Design Work to Energize the Brain
Friday, February 11th, 2011Watch someone deeply engrossed in a good novel, video game, Sudoku math puzzle or a Rubik’s cube. They are happily, even joyfully exerting massive mental effort. They do so without apparent stress because each of the items mentioned delivers more mental energy in the form of novelty, meaning, emotions and associations than it consumes in the form of decision making, cognitive load and self control. These effects work for group activities too as the all-to-addictive smart phone and online virtual worlds have demonstrated. The mental energy we get from technology-mediated but instant and robust social interaction is tremendous. Millions of people are spending more time with their phones and in virtual worlds than any place else!
Organizations are still struggling to figure out how to harness mental energy and design work that release the potential of the Human brain.
The best results recently are crowdsourcing and open innovation. In this case tasks and jobs are thrown open to anyone with an Internet connection and those that get net mental energy from doing them will self select. Efforts to gamify work, or redesign processes to include game-like features that drive up mental energy, are also on the rise.

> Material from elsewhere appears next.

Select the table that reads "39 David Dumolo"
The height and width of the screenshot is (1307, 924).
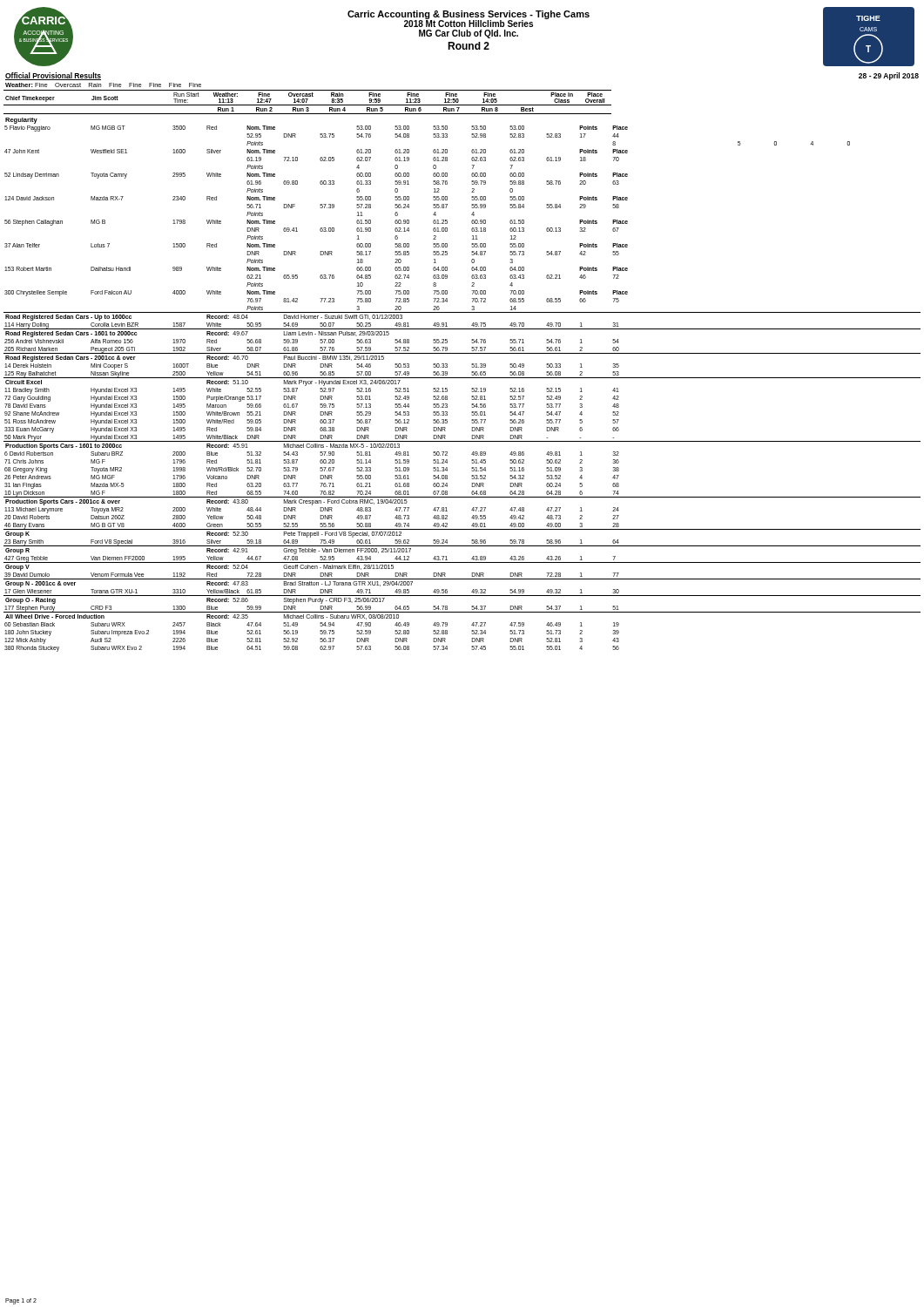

Gamification is a powerful generator of mental energy and will surely impact the nature of work.
If you have any doubts on the importance of understanding the details of mental energy for improving knowledge work check out the post: Vastly Improve Mental Focus with Switching. It reports recent research that suggests maintaining cognitive performance on a task over time is more about spending a few seconds switching to a task that gives us a burst of mental energy or novelty than it is taking a rest break. Deactivating and then reactivating goals rather than decreasing focus actually generates mental energy to help maintain focus.
We are hardwired from our brain chemistry up to our social nature to relentlessly seek mental energy. In the life sciences mental energy is defined as the capacity and motivation to do cognitive work coupled with a subjective feeling of fatigue or vigor. Researchers in cognitive science and human factors have identified a handful of key variables that drive mental energy. Tapping this emerging science to improve organizational performance is what the cognitive design blog is all about.